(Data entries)
---*---
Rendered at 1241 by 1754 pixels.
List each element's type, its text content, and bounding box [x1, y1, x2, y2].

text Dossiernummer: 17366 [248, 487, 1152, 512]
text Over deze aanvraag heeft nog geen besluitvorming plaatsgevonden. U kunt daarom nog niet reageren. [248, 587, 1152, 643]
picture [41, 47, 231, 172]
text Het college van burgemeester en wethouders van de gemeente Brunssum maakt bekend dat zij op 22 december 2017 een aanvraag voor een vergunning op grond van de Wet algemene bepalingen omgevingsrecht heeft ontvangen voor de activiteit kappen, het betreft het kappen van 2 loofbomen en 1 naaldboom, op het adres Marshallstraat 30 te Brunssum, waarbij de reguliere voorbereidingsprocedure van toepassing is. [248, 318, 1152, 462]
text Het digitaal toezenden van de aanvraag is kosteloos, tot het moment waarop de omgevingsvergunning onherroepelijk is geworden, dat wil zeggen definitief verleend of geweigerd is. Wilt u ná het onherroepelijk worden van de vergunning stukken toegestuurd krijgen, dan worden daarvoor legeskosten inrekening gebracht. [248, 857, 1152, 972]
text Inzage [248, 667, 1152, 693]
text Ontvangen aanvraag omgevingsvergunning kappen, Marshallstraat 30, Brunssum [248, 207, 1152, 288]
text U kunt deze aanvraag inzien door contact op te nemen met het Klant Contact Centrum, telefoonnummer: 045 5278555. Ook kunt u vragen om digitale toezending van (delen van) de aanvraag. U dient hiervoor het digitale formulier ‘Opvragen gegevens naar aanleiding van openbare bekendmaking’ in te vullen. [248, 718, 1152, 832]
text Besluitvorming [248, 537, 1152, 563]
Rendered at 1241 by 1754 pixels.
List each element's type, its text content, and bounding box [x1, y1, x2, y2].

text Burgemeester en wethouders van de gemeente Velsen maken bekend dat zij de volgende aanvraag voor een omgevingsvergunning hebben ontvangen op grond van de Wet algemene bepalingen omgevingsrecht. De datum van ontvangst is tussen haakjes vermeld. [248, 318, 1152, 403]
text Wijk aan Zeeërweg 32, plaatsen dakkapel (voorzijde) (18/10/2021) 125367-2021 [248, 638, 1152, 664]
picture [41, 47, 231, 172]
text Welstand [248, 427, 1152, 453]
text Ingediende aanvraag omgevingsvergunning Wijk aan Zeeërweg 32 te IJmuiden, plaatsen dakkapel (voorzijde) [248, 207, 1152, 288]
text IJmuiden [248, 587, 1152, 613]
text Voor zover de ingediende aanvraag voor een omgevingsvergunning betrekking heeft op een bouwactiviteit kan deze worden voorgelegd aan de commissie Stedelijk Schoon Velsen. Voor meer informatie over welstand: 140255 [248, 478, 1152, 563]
---*---
● YOUR INSTRUCTIONS: Output an exact copy of the lines beginning at the one that holds "text Ingediende aanvraag" and running through the final line of the records.

● ANSWER SECTION:
text Ingediende aanvraag omgevingsvergunning Wijk aan Zeeërweg 32 te IJmuiden, plaatsen dakkapel (voorzijde) [248, 207, 1152, 288]
text IJmuiden [248, 587, 1152, 613]
text Voor zover de ingediende aanvraag voor een omgevingsvergunning betrekking heeft op een bouwactiviteit kan deze worden voorgelegd aan de commissie Stedelijk Schoon Velsen. Voor meer informatie over welstand: 140255 [248, 478, 1152, 563]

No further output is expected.